These are chat archives for kite-sdk/kite

25th
Sep 2014
Eric Sammer
@esammer
Sep 25 2014 22:28
hey all!
Joey Echeverria
@joey
Sep 25 2014 22:28
look who's back!
Eric Sammer
@esammer
Sep 25 2014 22:29
; P
Back to complain.
Joey Echeverria
@joey
Sep 25 2014 22:29
shocker
Ryan Blue
@rdblue
Sep 25 2014 22:29
Hey!
How's it going?
Eric Sammer
@esammer
Sep 25 2014 22:29
It looks like the changes to the filesystem writers now writes two copies of every record.

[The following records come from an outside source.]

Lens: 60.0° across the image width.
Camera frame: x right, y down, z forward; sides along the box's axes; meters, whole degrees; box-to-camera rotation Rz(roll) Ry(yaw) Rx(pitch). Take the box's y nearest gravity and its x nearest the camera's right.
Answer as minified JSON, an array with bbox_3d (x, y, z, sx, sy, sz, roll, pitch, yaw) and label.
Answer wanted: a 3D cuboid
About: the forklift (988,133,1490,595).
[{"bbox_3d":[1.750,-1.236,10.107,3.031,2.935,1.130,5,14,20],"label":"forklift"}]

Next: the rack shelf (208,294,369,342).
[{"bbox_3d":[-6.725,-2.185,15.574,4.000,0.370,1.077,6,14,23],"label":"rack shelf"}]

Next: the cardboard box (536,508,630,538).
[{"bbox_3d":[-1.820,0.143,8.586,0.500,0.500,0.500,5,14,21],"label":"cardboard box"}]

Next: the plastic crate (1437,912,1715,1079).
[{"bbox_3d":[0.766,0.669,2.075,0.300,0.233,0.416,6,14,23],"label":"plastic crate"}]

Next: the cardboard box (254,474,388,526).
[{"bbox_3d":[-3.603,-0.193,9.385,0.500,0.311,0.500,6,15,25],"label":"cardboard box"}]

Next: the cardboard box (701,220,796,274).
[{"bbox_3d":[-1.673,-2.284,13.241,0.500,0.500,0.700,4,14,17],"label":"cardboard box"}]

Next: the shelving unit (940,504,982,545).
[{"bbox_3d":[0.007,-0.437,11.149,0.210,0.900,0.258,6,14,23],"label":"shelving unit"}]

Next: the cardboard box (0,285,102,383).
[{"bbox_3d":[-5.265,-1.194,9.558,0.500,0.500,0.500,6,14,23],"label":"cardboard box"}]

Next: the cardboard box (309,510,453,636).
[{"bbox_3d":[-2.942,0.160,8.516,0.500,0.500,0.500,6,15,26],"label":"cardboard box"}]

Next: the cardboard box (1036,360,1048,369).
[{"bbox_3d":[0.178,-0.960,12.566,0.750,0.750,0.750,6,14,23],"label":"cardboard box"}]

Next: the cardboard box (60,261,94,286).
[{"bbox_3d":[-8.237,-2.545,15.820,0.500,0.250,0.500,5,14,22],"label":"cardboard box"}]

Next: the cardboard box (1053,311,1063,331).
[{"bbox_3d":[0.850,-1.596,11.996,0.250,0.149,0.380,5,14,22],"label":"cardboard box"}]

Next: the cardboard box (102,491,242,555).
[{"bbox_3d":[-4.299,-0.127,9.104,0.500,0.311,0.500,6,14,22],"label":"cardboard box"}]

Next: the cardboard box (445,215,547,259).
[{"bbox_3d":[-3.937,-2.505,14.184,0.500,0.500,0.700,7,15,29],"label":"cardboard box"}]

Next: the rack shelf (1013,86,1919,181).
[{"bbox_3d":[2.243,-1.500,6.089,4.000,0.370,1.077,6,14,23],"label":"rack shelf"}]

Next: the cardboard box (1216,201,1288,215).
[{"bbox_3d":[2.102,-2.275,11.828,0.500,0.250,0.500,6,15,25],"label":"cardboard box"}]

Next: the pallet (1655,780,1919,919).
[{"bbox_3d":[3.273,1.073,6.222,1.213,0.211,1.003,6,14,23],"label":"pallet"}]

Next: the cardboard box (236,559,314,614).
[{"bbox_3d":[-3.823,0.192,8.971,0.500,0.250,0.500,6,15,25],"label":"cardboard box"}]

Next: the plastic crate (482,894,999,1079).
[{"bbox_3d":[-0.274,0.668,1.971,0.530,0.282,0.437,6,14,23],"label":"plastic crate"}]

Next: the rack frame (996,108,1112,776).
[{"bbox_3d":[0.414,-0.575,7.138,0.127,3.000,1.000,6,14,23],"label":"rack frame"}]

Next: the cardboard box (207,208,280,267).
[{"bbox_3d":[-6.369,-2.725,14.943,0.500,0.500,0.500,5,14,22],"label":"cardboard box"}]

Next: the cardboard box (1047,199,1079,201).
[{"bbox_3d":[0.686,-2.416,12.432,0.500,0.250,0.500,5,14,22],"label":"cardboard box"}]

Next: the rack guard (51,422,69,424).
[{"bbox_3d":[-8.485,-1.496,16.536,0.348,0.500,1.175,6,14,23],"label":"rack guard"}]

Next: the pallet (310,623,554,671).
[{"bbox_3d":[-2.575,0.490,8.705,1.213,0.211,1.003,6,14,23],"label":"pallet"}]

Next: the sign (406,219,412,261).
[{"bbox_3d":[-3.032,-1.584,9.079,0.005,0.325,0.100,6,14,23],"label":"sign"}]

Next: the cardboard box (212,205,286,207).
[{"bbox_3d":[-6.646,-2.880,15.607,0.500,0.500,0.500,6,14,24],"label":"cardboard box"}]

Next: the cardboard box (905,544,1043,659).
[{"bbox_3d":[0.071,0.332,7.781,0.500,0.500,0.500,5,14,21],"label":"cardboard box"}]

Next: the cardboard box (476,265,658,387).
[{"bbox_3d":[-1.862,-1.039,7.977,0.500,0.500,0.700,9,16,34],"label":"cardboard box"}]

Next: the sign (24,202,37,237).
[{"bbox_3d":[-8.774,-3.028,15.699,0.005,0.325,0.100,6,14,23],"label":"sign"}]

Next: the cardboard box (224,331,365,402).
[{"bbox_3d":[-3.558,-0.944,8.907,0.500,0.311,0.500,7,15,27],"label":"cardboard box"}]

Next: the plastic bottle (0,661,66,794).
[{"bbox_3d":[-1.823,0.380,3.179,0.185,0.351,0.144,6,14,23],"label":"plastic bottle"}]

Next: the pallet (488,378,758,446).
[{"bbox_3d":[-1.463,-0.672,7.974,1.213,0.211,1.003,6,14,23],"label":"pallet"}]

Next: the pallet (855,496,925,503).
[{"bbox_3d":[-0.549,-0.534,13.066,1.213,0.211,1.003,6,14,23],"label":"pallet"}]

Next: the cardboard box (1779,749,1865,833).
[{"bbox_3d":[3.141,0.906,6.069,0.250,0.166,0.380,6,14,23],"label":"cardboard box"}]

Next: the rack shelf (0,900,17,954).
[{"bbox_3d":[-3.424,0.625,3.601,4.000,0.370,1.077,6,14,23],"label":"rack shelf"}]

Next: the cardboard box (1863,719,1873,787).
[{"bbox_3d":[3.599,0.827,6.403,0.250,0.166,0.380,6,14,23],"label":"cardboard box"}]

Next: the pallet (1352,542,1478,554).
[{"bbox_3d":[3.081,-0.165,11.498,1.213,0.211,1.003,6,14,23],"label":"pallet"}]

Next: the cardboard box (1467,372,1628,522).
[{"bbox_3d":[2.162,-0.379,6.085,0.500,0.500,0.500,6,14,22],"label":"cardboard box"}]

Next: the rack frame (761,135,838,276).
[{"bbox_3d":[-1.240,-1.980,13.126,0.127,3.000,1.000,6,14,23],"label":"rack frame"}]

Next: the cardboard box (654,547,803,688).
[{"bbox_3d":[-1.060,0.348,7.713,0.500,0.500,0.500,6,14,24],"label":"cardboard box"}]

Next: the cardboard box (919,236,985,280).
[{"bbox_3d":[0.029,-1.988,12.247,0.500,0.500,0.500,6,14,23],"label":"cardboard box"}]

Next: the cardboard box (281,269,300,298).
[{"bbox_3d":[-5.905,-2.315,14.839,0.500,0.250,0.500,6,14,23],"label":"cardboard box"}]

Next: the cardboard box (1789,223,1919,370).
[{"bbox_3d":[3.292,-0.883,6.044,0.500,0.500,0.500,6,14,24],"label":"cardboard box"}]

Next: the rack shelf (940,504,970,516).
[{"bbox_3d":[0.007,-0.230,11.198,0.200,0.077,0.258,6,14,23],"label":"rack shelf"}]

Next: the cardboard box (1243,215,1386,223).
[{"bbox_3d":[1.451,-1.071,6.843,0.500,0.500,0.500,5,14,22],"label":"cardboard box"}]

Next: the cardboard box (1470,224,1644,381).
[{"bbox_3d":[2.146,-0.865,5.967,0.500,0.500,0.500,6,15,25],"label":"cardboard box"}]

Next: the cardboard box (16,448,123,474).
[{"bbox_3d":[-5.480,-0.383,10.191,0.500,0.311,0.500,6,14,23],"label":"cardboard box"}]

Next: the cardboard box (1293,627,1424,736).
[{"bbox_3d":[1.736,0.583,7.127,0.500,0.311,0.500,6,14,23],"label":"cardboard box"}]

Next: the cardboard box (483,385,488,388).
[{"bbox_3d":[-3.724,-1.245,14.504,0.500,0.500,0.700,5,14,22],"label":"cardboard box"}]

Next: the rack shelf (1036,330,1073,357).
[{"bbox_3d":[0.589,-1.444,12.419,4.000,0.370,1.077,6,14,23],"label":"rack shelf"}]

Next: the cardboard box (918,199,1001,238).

Is that true?
Ryan Blue
@rdblue
Sep 25 2014 22:29
Where is this?
Joey Echeverria
@joey
Sep 25 2014 22:29
if you use the default parquet appender, yes
Eric Sammer
@esammer
Sep 25 2014 22:30
Good until a few minutes ago when we found we were doing 2x all IO to HDFS.
Joey Echeverria
@joey
Sep 25 2014 22:30
there's an option you can set
for the old beahavior
this was added as a workaround for doing durable appends to parquet
Eric Sammer
@esammer
Sep 25 2014 22:30
Why does this exist?
Gah.
Ok.
Joey Echeverria
@joey
Sep 25 2014 22:30
parquet doesn't support sync
Eric Sammer
@esammer
Sep 25 2014 22:30
No, nor can it.
Ryan Blue
@rdblue
Sep 25 2014 22:31
Yes, durability has to be done through Avro
Eric Sammer
@esammer
Sep 25 2014 22:31
Well, at least not today.
Ryan Blue
@rdblue
Sep 25 2014 22:31
we're working on a long-term fix, but people want to write directly to parquet NOW!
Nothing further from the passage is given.